The certificate of existence required of foreign corporations need not be in
English if accompanied by a reasonably authenticated English translation.
(6)
The document must be executed:
(a)
By a fiduciary, receiver or trustee, if the corporation is in the hands of a
receiver, trustee or other court-appointed fiduciary;
(b)
By an incorporator, if directors have not been selected or its execution is
before the organizational meeting;
(c)
By the person specified in any section of this chapter that required the document
be filed; or
(d)
By the chairperson of the board of directors of a domestic or foreign
corporation, its president or otherwise by another of its officers.
(7)
The document shall state beneath or opposite the signature the name of the
person and the capacity in which the person signs. The document may, but is not
required to, contain:
(a)
The corporate seal;
(b)
An attestation by the secretary or an assistant secretary; or
(c)
An acknowledgment, verification or proof.
(8)
If the Secretary of State has prescribed a mandatory form for a document under
ORS 65.016, the document must be in or on the prescribed form.
(9)
The document must be delivered to the Office of the Secretary of State for
filing and must be accompanied by the correct filing fee.
(10)
A document is deemed filed or effective only as provided in ORS 56.080, 65.001,
65.011, 65.014 and 65.017. [Amended by 1999 c.486 §10]
65.007 Filing, service, copying and
certification fees. The Secretary of State shall
collect the fees described in ORS 56.140 for each document delivered for filing
under this chapter and for process served on the secretary under this chapter.
The secretary may collect the fees described in ORS 56.140 for copying any
public record under this chapter, certifying the copy or certifying to other
facts of record under this chapter. [1989
c.1010 §§5,5a; 1991 c.132 §5; 1999 c.652 §12]
65.011 Effective time and date of
document. (1) Except as provided in subsection
(2) of this section, ORS 56.080 and 65.014, a document accepted for filing
after review is effective:
(a)
On the date it is filed by the Secretary of State; and
(b)
At the time, if any, specified in the document as its effective time or at
12:01 a.m. on that date if no effective time is specified.
(2)
If a document specifies a delayed effective time and date, the document becomes
effective at the time and date specified. If a document specifies a delayed
effective date but no time, the document becomes effective at 12:01 a.m. on
that date. A delayed effective date for a document may not be later than the
90th day after the date it is filed. [1989 c.1010 §6]
65.014 Correcting filed document.
(1) A domestic or foreign corporation may correct a document filed by the
Secretary of State other than an annual report, if the document:
(a)
Contains an incorrect statement; or
(b)
Was defectively executed, attested, sealed, verified or acknowledged.
(2)
Errors in annual reports may be corrected as provided in ORS 65.787.
(3)
A domestic or foreign corporation seeking to correct a document shall deliver
the articles of correction to the Office of the Secretary of State for filing.

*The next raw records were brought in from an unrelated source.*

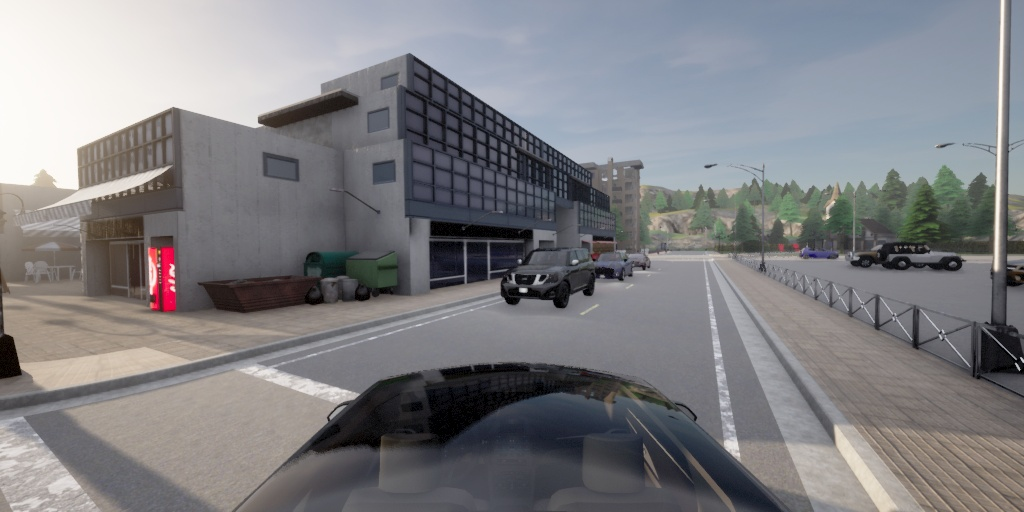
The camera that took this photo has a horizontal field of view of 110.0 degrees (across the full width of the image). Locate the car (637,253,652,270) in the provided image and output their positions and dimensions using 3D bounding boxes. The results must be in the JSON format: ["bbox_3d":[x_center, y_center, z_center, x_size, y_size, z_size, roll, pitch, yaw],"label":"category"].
[{"bbox_3d":[11.063,0.430,31.709,1.812,1.442,4.674,0,2,28],"label":"car"}]

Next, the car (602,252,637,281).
[{"bbox_3d":[6.263,0.538,22.672,2.097,1.767,4.553,0,2,28],"label":"car"}]

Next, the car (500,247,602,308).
[{"bbox_3d":[1.654,0.679,13.983,2.150,2.045,5.566,0,1,28],"label":"car"}]
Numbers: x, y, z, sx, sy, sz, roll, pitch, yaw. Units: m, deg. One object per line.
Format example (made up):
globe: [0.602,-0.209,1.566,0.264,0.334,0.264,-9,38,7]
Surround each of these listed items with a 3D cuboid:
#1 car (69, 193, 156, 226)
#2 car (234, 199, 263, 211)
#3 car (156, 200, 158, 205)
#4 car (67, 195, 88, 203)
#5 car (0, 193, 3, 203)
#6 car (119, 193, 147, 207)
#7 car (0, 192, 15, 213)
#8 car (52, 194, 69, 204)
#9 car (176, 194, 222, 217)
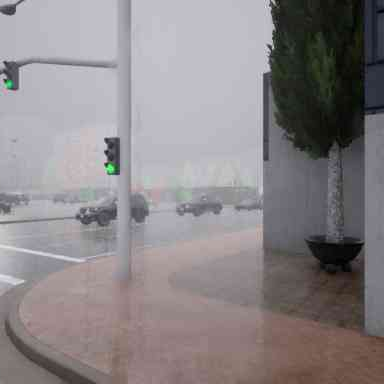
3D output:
car: [-5.479,1.221,23.733,2.150,2.045,5.566,0,0,36]
car: [7.204,1.547,40.640,2.033,1.411,5.357,0,0,37]
car: [-7.119,1.395,52.067,3.806,1.475,1.970,0,0,35]
car: [-21.366,1.364,62.171,3.905,1.438,1.784,0,0,35]
car: [-38.588,1.153,64.051,4.605,1.855,1.932,0,0,35]
car: [-8.805,1.156,49.713,3.866,1.878,1.905,0,0,35]
car: [-20.145,1.156,33.698,3.866,1.878,1.905,0,0,35]
car: [-23.097,1.153,59.848,4.605,1.855,1.932,0,0,35]
car: [0.797,1.221,32.131,2.150,2.045,5.566,0,0,37]
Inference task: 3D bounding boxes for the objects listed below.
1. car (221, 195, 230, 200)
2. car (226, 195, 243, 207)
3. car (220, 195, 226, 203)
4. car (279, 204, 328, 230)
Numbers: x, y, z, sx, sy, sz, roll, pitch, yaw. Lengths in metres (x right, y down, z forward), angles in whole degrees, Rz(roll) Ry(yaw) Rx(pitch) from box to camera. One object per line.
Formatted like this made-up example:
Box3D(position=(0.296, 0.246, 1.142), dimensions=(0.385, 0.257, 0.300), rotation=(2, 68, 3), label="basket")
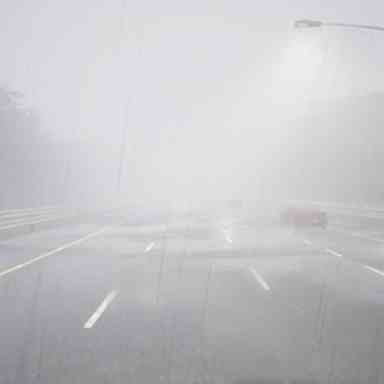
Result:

The articles shall include the following:
(a)
A description of the incorrect document, including its filing date or a copy of
the document;
(b)
A description of the incorrect statement and the reason it is incorrect or a
description of the manner in which the execution, attestation, seal,
verification or acknowledgment is defective; and
(c)
A correction of the incorrect statement or defective execution, attestation,
seal, verification or acknowledgment.
(4)
Articles of correction are effective on the effective date of the document they
correct except as to persons relying on the uncorrected document and adversely
affected by the correction. As to those persons, articles of correction are
effective when filed by the Secretary of State.
(5)
An incorrect document with a delayed effective date may also be corrected by
withdrawal and new filing pursuant to the provisions of ORS 56.080. [1989
c.1010 §7]
65.016 Forms; rules.
Upon request, the Secretary of State may furnish forms for documents required
or permitted to be filed by this chapter. The Secretary of State may by rule
require the use of the forms. [1989 c.1010 §4; 1995 c.215 §13]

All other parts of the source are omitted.